Trump has chosen a different path.
In each election since 2016, Trump won a majority of the White Catholic vote, increasing his percentage in 2024 to about 60%. Yet beneath these positive election results, the mood can be tense. Many of the president’s actions suggest values that are out of step with the presidents that came before him; and as recent popes have demonstrated, they are also out of line with the values of the Catholic church.
During Trump’s first presidential campaign and first term, Pope Francis noted that the gospel called on Christians to build bridges, not (border) walls. Trump issued a statement that Francis was going to wish Trump was president if ISIS attacked the Vatican.
But the real escalation of the conflict has come in recent months. Pope Leo XIV, the first American pontiff, has proven to be very politically savvy. He seems to have ensured that when he speaks, the American bishops generally fall in line behind him. He has called on the bishops to defend the rights and dignity of immigrants and refugees, and they have answered by submitting legal briefs to the Supreme Court on their behalf.
Their larger clash, however, came over the war in Iran. When Trump vowed to destroy Iranian civilization, to blast it back to the stone ages, Leo called his rhetoric “unacceptable.” He preached against the “delusion of omnipotence,” and called for an end to “idolatry of self and money” and “enough of war.”

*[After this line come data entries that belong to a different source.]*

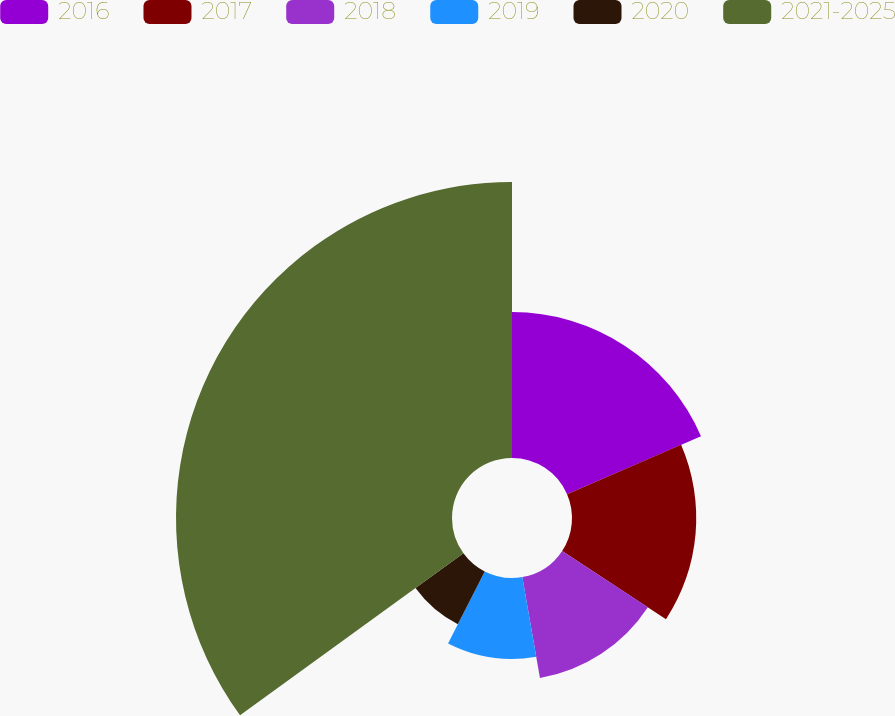<chart> <loc_0><loc_0><loc_500><loc_500><pie_chart><fcel>2016<fcel>2017<fcel>2018<fcel>2019<fcel>2020<fcel>2021-2025<nl><fcel>18.5%<fcel>15.75%<fcel>13.0%<fcel>10.25%<fcel>7.51%<fcel>34.99%<nl></chart> 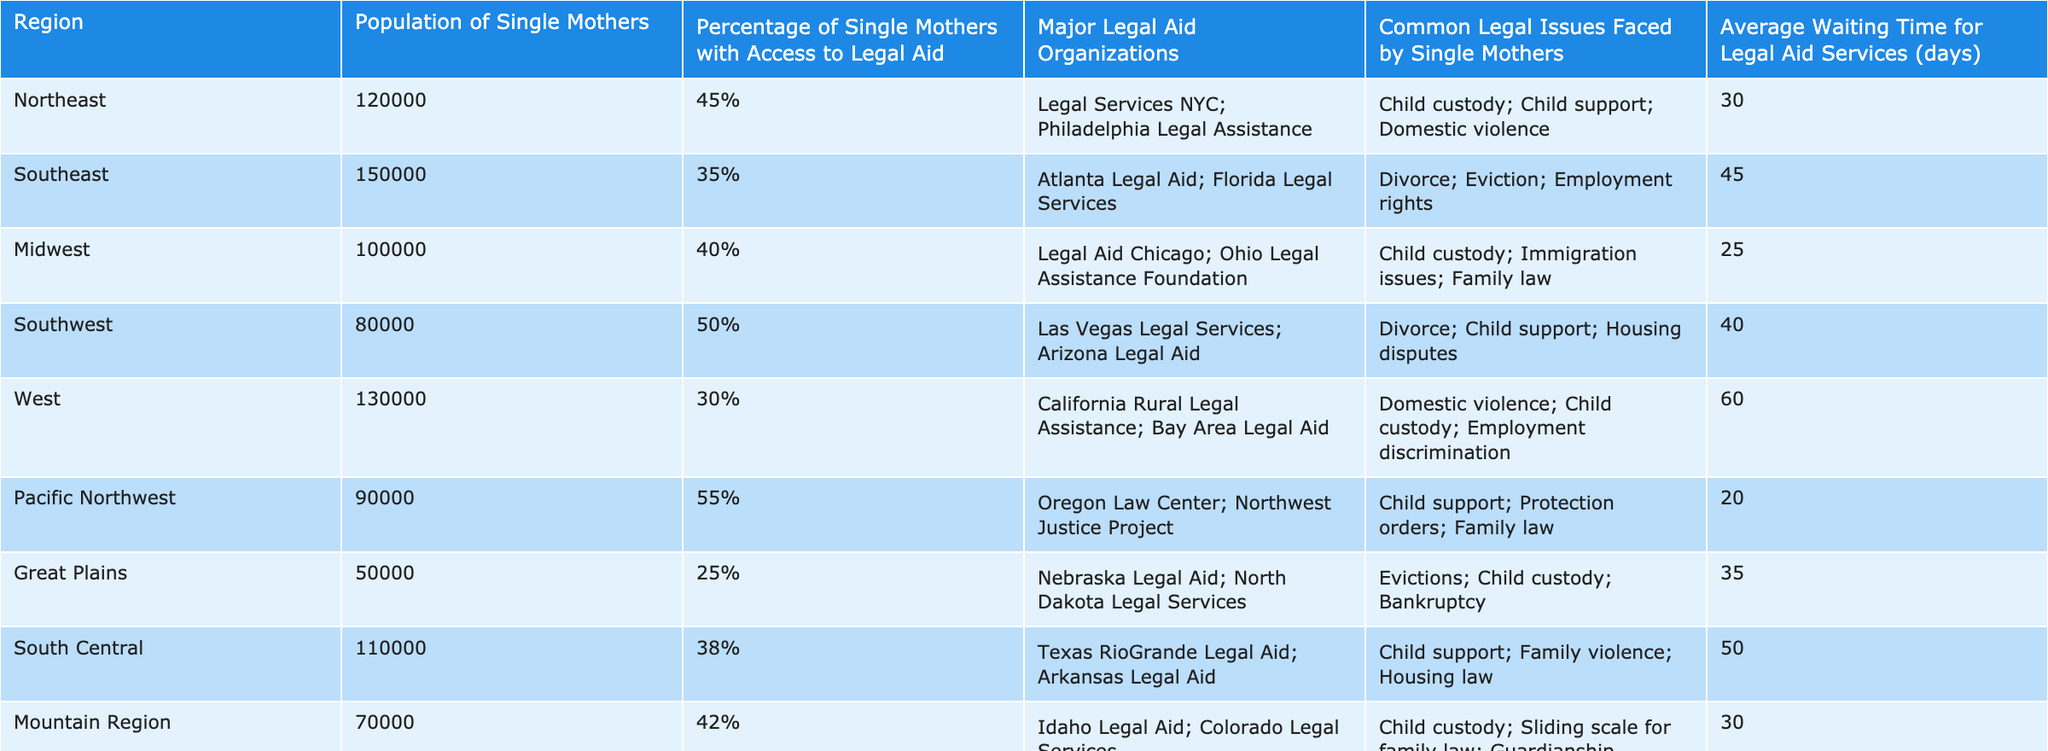What region has the highest percentage of single mothers with access to legal aid? By examining the "Percentage of Single Mothers with Access to Legal Aid" column in the table, I find that the Pacific Northwest has the highest value at 55%.
Answer: Pacific Northwest Which region has the lowest number of single mothers? Checking the "Population of Single Mothers" column, the Great Plains region has the lowest population at 50,000 single mothers.
Answer: Great Plains What is the average waiting time for legal aid services across all regions? I calculate the average waiting time by summing the waiting times from all regions (30 + 45 + 25 + 40 + 60 + 20 + 35 + 50 + 30 + 55 = 415) and dividing by the number of regions (10), giving an average waiting time of 415/10 = 41.5 days.
Answer: 41.5 days Are the major legal aid organizations the same in all regions? By comparing the "Major Legal Aid Organizations" column across regions, it's clear that they vary and are unique to each region.
Answer: No Which region reports the most common legal issues faced by single mothers? I analyze the "Common Legal Issues Faced by Single Mothers" column and note that while many regions have overlapping issues, child custody is a frequent mention in several regions, notably Northeast and Midwest, but each region has unique issues listed as well.
Answer: Various issues reported across regions, no single most common issue What is the percentage difference in access to legal aid between the Northeast and the Southeast regions? The Northeast has 45% access, while the Southeast has 35%, leading to a difference of 45% - 35% = 10%.
Answer: 10% In which regions do single mothers face domestic violence as a common legal issue? I examine the "Common Legal Issues Faced by Single Mothers" column, finding that Northeast, West, and Appalachia all list domestic violence among the issues.
Answer: Northeast, West, Appalachia Which region has a longer waiting time for legal aid services, and by how many days compared to the next longest? The West region has the longest waiting time of 60 days, and the South Central region has 50 days. The difference is 60 - 50 = 10 days.
Answer: West region, 10 days longer What is the total population of single mothers in the Midwest and South Central regions combined? I sum the populations of single mothers in both regions: 100,000 (Midwest) + 110,000 (South Central) = 210,000.
Answer: 210,000 Is the average waiting time for legal aid services shorter in the Pacific Northwest compared to the South East? The Pacific Northwest has a waiting time of 20 days while the Southeast has 45 days, making it evident that the Pacific Northwest's waiting time is significantly shorter.
Answer: Yes, it is shorter 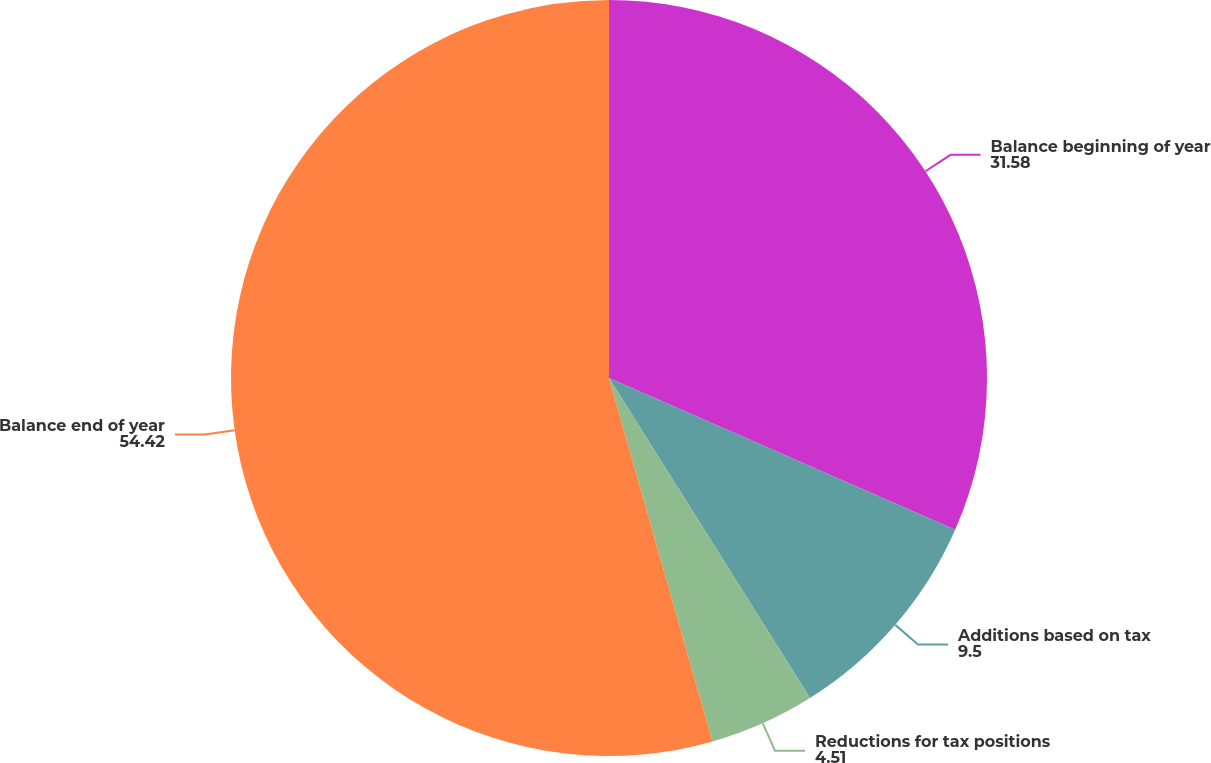Convert chart. <chart><loc_0><loc_0><loc_500><loc_500><pie_chart><fcel>Balance beginning of year<fcel>Additions based on tax<fcel>Reductions for tax positions<fcel>Balance end of year<nl><fcel>31.58%<fcel>9.5%<fcel>4.51%<fcel>54.42%<nl></chart> 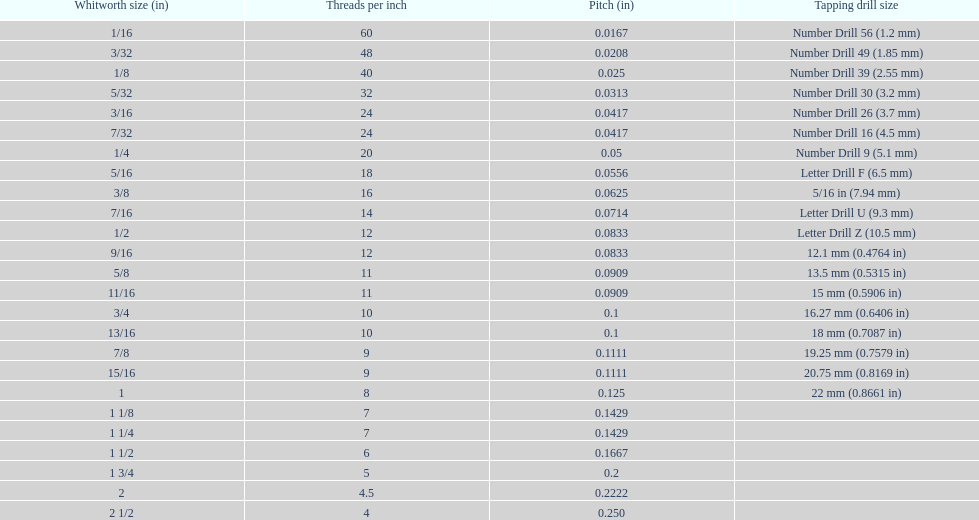What is the top amount of threads per inch? 60. 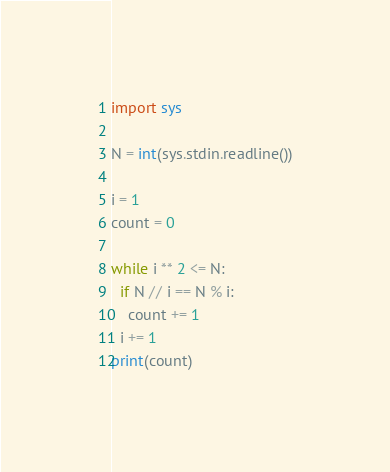Convert code to text. <code><loc_0><loc_0><loc_500><loc_500><_Python_>import sys

N = int(sys.stdin.readline())

i = 1
count = 0

while i ** 2 <= N:
  if N // i == N % i:
    count += 1
  i += 1
print(count)</code> 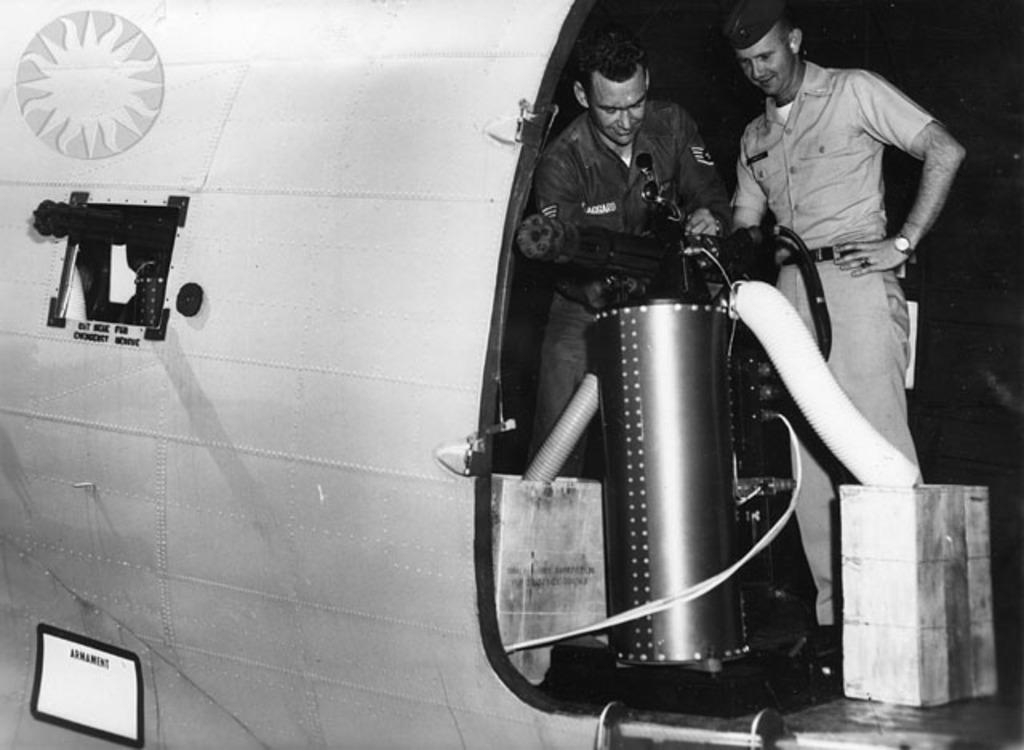How many people are in the aircraft in the image? There are two people in the aircraft in the image. What type of weapon can be seen in the image? There is a machine gun in the image. What other objects are present in the image besides the people and the machine gun? There are pipes and a container in the image. What type of flame can be seen coming from the machine gun in the image? There is no flame coming from the machine gun in the image; it is a static object. 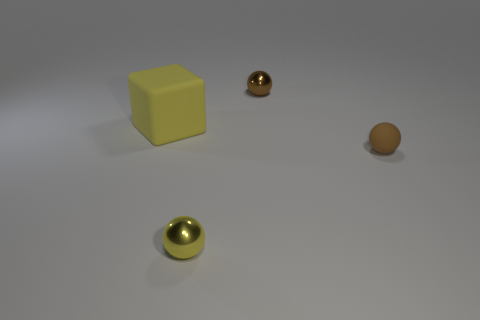Add 4 big yellow blocks. How many objects exist? 8 Subtract all spheres. How many objects are left? 1 Subtract all cyan rubber balls. Subtract all yellow shiny things. How many objects are left? 3 Add 3 big yellow rubber cubes. How many big yellow rubber cubes are left? 4 Add 2 brown matte objects. How many brown matte objects exist? 3 Subtract 0 blue cubes. How many objects are left? 4 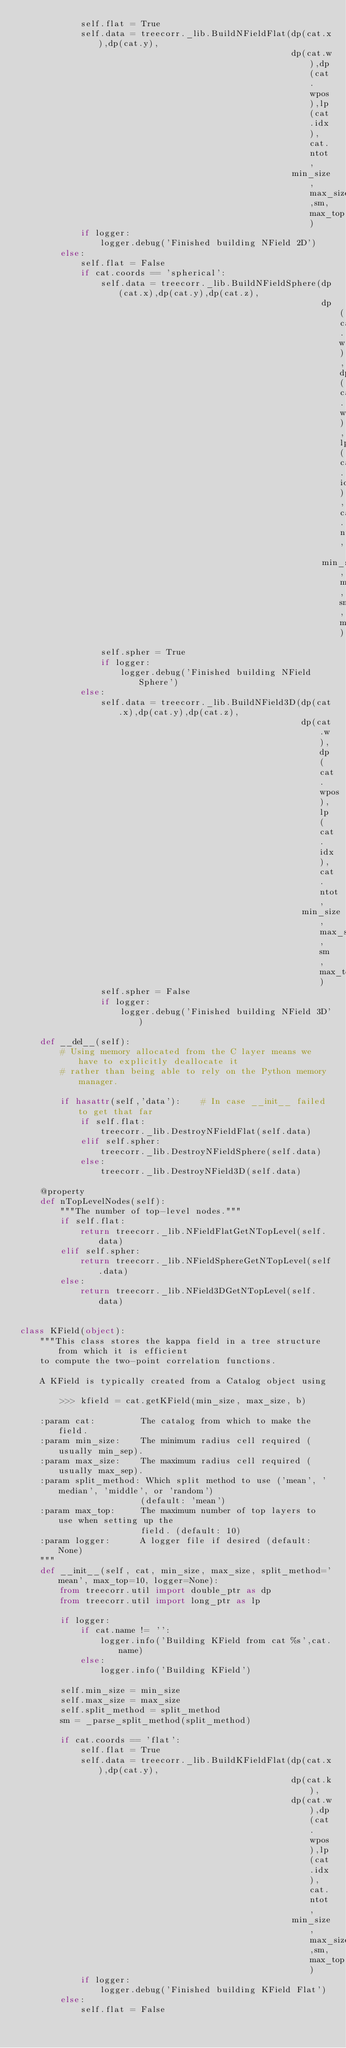<code> <loc_0><loc_0><loc_500><loc_500><_Python_>            self.flat = True
            self.data = treecorr._lib.BuildNFieldFlat(dp(cat.x),dp(cat.y),
                                                      dp(cat.w),dp(cat.wpos),lp(cat.idx),cat.ntot,
                                                      min_size,max_size,sm,max_top)
            if logger:
                logger.debug('Finished building NField 2D')
        else:
            self.flat = False
            if cat.coords == 'spherical':
                self.data = treecorr._lib.BuildNFieldSphere(dp(cat.x),dp(cat.y),dp(cat.z),
                                                            dp(cat.w),dp(cat.wpos),lp(cat.idx),cat.ntot,
                                                            min_size,max_size,sm,max_top)
                self.spher = True
                if logger:
                    logger.debug('Finished building NField Sphere')
            else:
                self.data = treecorr._lib.BuildNField3D(dp(cat.x),dp(cat.y),dp(cat.z),
                                                        dp(cat.w),dp(cat.wpos),lp(cat.idx),cat.ntot,
                                                        min_size,max_size,sm,max_top)
                self.spher = False
                if logger:
                    logger.debug('Finished building NField 3D')

    def __del__(self):
        # Using memory allocated from the C layer means we have to explicitly deallocate it
        # rather than being able to rely on the Python memory manager.

        if hasattr(self,'data'):    # In case __init__ failed to get that far
            if self.flat:
                treecorr._lib.DestroyNFieldFlat(self.data)
            elif self.spher:
                treecorr._lib.DestroyNFieldSphere(self.data)
            else:
                treecorr._lib.DestroyNField3D(self.data)

    @property
    def nTopLevelNodes(self):
        """The number of top-level nodes."""
        if self.flat:
            return treecorr._lib.NFieldFlatGetNTopLevel(self.data)
        elif self.spher:
            return treecorr._lib.NFieldSphereGetNTopLevel(self.data)
        else:
            return treecorr._lib.NField3DGetNTopLevel(self.data)


class KField(object):
    """This class stores the kappa field in a tree structure from which it is efficient
    to compute the two-point correlation functions.  

    A KField is typically created from a Catalog object using

        >>> kfield = cat.getKField(min_size, max_size, b)

    :param cat:         The catalog from which to make the field.
    :param min_size:    The minimum radius cell required (usually min_sep).
    :param max_size:    The maximum radius cell required (usually max_sep).
    :param split_method: Which split method to use ('mean', 'median', 'middle', or 'random')
                        (default: 'mean')
    :param max_top:     The maximum number of top layers to use when setting up the
                        field. (default: 10)
    :param logger:      A logger file if desired (default: None)
    """
    def __init__(self, cat, min_size, max_size, split_method='mean', max_top=10, logger=None):
        from treecorr.util import double_ptr as dp
        from treecorr.util import long_ptr as lp

        if logger:
            if cat.name != '':
                logger.info('Building KField from cat %s',cat.name)
            else:
                logger.info('Building KField')

        self.min_size = min_size
        self.max_size = max_size
        self.split_method = split_method
        sm = _parse_split_method(split_method)

        if cat.coords == 'flat':
            self.flat = True
            self.data = treecorr._lib.BuildKFieldFlat(dp(cat.x),dp(cat.y),
                                                      dp(cat.k),
                                                      dp(cat.w),dp(cat.wpos),lp(cat.idx),cat.ntot,
                                                      min_size,max_size,sm,max_top)
            if logger:
                logger.debug('Finished building KField Flat')
        else:
            self.flat = False</code>

Catholics have criteria that they invoke to evaluate righteousness of wars, which date to the fifth century teachings of St. Augustine. They determine whether a cause is just, if all other options have been exhausted, if war will lead to peace, and if the evil being targeted by war is greater than the evil of the violence the war will inflict. This allows them to determine what is a “just war” and what is not.
The American president and his advisers have made limited effort to justify their aggressive military actions, which also meet none of the traditional Catholic just war criteria.
The pope’s skepticism about the administration’s rationale for war prompted Trump, unlike any president in the last 100 years, to recast the Vatican as an adversary rather than an ally. Never before, even at the height of U.S. anti-Catholicism, has a sitting president attacked the pope like this
He attacks anyone who dares to disagree with him or is more popular. I honestly don’t think it’s any more complicated than that. He’s a Know-Nothing in the original sense of the world taking the country back to the 1800s in more ways than one.